A boo for a boo-boo by wind farm boo-hoos
It’s fourth and long. Just a few seconds are left in the game. You’re down by more than two touchdowns. What do you do?
If you’re Marion County’s ardent wind farm opponents, you call time out by filing yet another lawsuit.
Most people appreciate an underdog who won’t give up. But if you do this, you have to expect a chorus of boos from the restless crowd in the stadium that county government has been transformed into.
The latest, last-gasp lawsuit by foes of Expedition Energy’s southern wind farm isn’t so much a legitimate legal challenge as it is a vain attempt to delay the project, presumably until new county commissioners can be elected.
Most of the allegations involve trivialities not serious enough to overturn the results of what overall has been a carefully followed due process.
The idea that opponents haven’t been allowed appropriate opportunities to comment is as absurd as saying President Donald Trump hasn’t been allowed to speak his mind. We’ve had whole days, weeks, months, and even years of the same tired wind farm arguments being trotted out over and over again like the breeze in an oscillating fan.
Some new allegations, especially a hint that commissioner Randy Dallke somehow managed to derive personal benefit from a conditional use permit, are cruel and defamatory attempts to delay the project by slinging mud on it and everyone associated with it.
Others are based on weird science — fake news from social media, as easily disproved as the notion that immunizations cause autism.
The only thing the latest lawsuit will accomplish is the enrichment of a legion of out-of-county lawyers hired by both the county and wind farm opponents to argue over repeated attempts to take a political matter out of the hands of voters’ elected representatives and throw it into the courts.
Most wind farm opponents hated it when such issues as marriage, abortion, and reproductive rights became court cases instead of issues voters and their representative could resolve. Why they now love this option is as confusing as how a person can be both pro-life and pro-death penalty. Both are valid positions, just not at the same time.
If the whole point is to delay until after this fall’s elections, the strategy is fatally flawed. A conditional use permit cannot be rescinded unless its terms are not met.
It’s one thing to consider canceling a permit because the permit holder hasn’t followed the rules and another thing altogether to change the rules before they have had a chance to be followed.
Even voting to reconsider the permit would require, under Robert’s Rules, that someone who voted for the permit make the motion to reconsider it.
Stacking an enlarged county commission with wind farm opponents would accomplish nothing. Worse yet, it would leave us with a commission filled with zealots about one particular past issue, not a commission looking to the future and new issues yet to arrive.
At the center of much of this turmoil is commissioner Dianne Novak, frequently seen after commission meetings huddling in hushed tones with wind farm opponents. Many of the points made in the latest suit are points she already has brought before the commission without success.
This is supposed to be a “green” project — “green” in that it will provide a renewable energy source and “green” in that it will put some needed money into the pockets of a large number of area farmers as well as public coffers.

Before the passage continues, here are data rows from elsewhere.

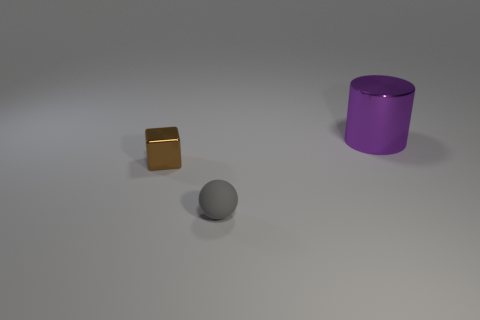Subtract all balls. How many objects are left? 2 Add 1 yellow matte balls. How many objects exist? 4 Subtract 1 cubes. How many cubes are left? 0 Add 2 red blocks. How many red blocks exist? 2 Subtract 0 green balls. How many objects are left? 3 Subtract all red spheres. Subtract all cyan cylinders. How many spheres are left? 1 Subtract all gray cylinders. How many blue balls are left? 0 Subtract all brown metallic cubes. Subtract all tiny things. How many objects are left? 0 Add 3 small brown metal cubes. How many small brown metal cubes are left? 4 
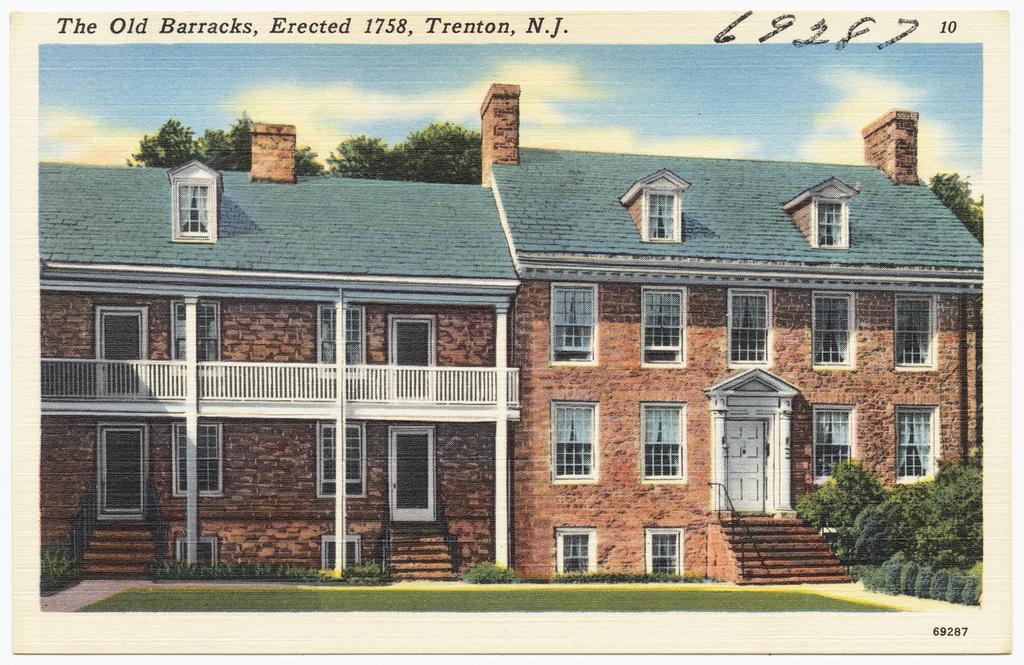How would you summarize this image in a sentence or two? This looks like a poster. I think these are the houses with the windows and doors. I can see the stairs with the staircase holders. These are the trees and bushes. This looks like a grass. Here is the sky. These are the letters in the image. 
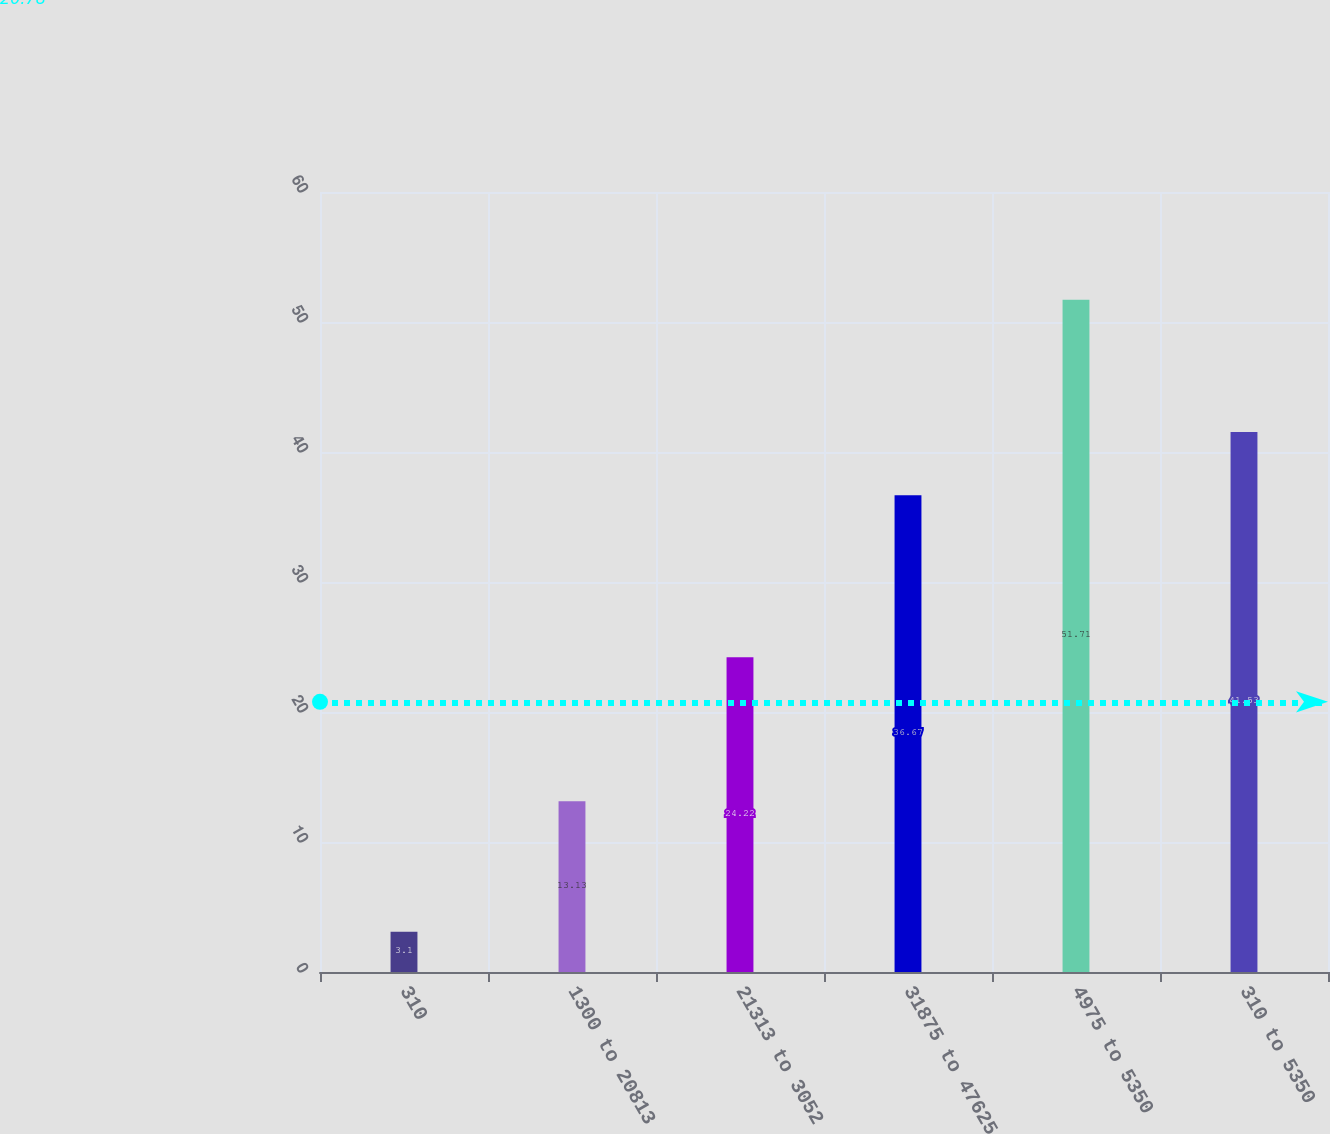Convert chart to OTSL. <chart><loc_0><loc_0><loc_500><loc_500><bar_chart><fcel>310<fcel>1300 to 20813<fcel>21313 to 3052<fcel>31875 to 47625<fcel>4975 to 5350<fcel>310 to 5350<nl><fcel>3.1<fcel>13.13<fcel>24.22<fcel>36.67<fcel>51.71<fcel>41.53<nl></chart>

Continued lawsuits are draining whatever windfall public coffers might stand to gain and are demonstrating the worst of another sort of “green” — the “green with envy” that appears to be motivating opponents concerned that they will have to look at windmills without getting any of the profit from them.
Money that would have gone to the county and other taxing units could have been their reward, but because of their lawsuits it will end up finding its way instead into the already overstuffed pockets of high-priced, out-of-county lawyers.
It isn’t bad sportsmanship to boo the latest suit. It’s actually good citizenship. The decision has been made. Now it’s time to make the best of it, not to be conned by nigh-on shysters into turning this all into a meaningless and costly endgame.
Equally as disconcerting, anti-wind sentiment now seems to be spreading to the existing Diamond Vista northern wind farm, which the county now wants to be responsible for weather damage to roads the wind farm already had repaired.
Is it any wonder businesses don’t want to locate in Marion County?